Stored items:
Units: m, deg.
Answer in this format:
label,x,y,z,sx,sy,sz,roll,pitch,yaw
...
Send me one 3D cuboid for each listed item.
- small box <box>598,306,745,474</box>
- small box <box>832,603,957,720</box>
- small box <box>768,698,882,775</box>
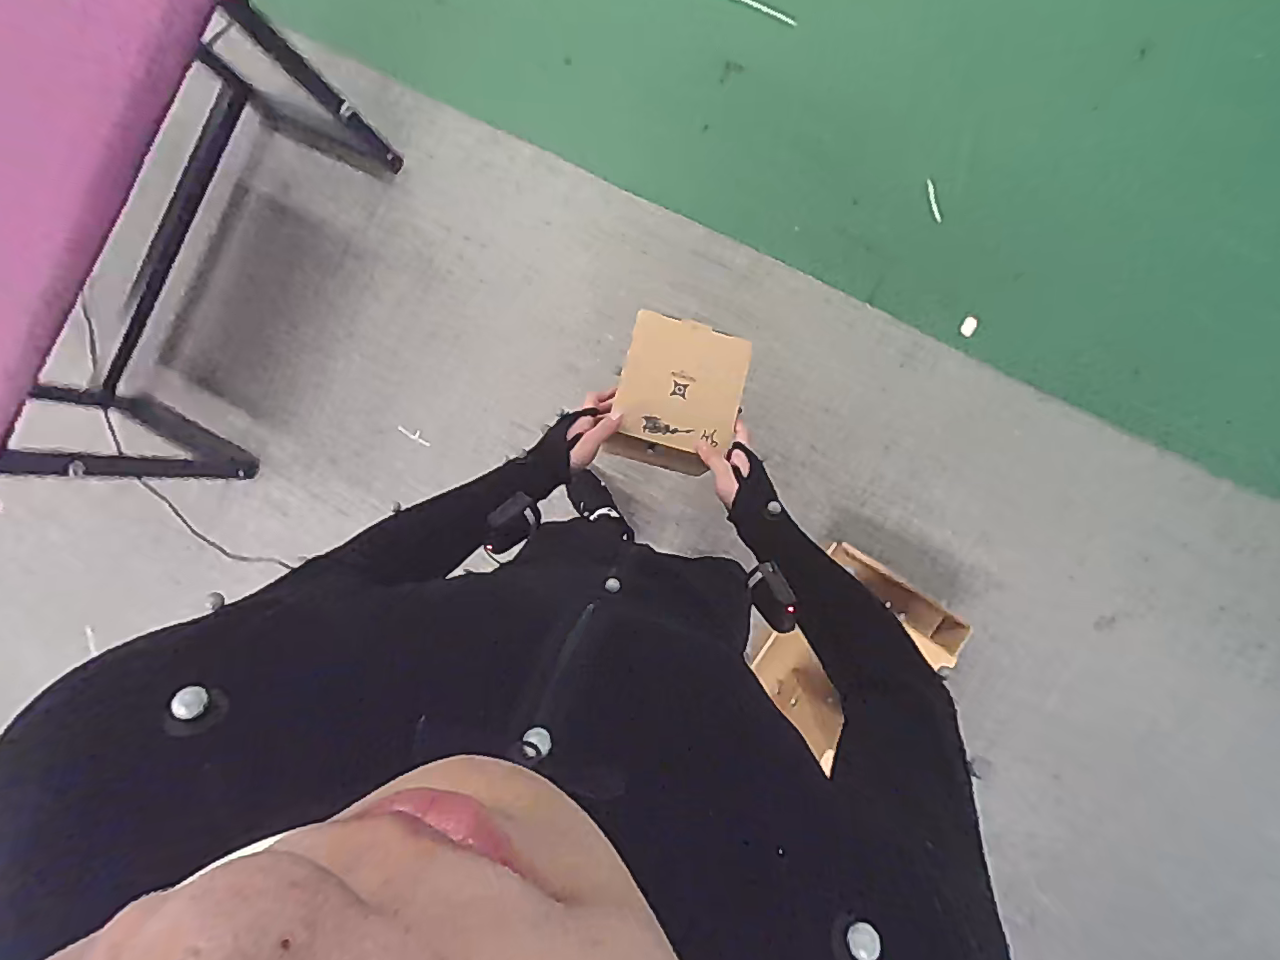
label,x,y,z,sx,sy,sz,roll,pitch,yaw
small box,0.036,-0.119,0.789,0.168,0.176,0.179,14,82,-5
small box,0.579,0.409,1.254,0.179,0.176,0.168,33,94,6
small box,0.422,0.642,1.269,0.179,0.176,0.168,35,92,5

*Your goal:* A faithful copy of all the data above is required, printed exactly and with no pictures.

*Final answer:*
Units: m, deg.
Answer in this format:
label,x,y,z,sx,sy,sz,roll,pitch,yaw
...
Send me one 3D cuboid for each listed item.
- small box <box>598,306,745,474</box>
- small box <box>832,603,957,720</box>
- small box <box>768,698,882,775</box>
label,x,y,z,sx,sy,sz,roll,pitch,yaw
small box,0.036,-0.119,0.789,0.168,0.176,0.179,14,82,-5
small box,0.579,0.409,1.254,0.179,0.176,0.168,33,94,6
small box,0.422,0.642,1.269,0.179,0.176,0.168,35,92,5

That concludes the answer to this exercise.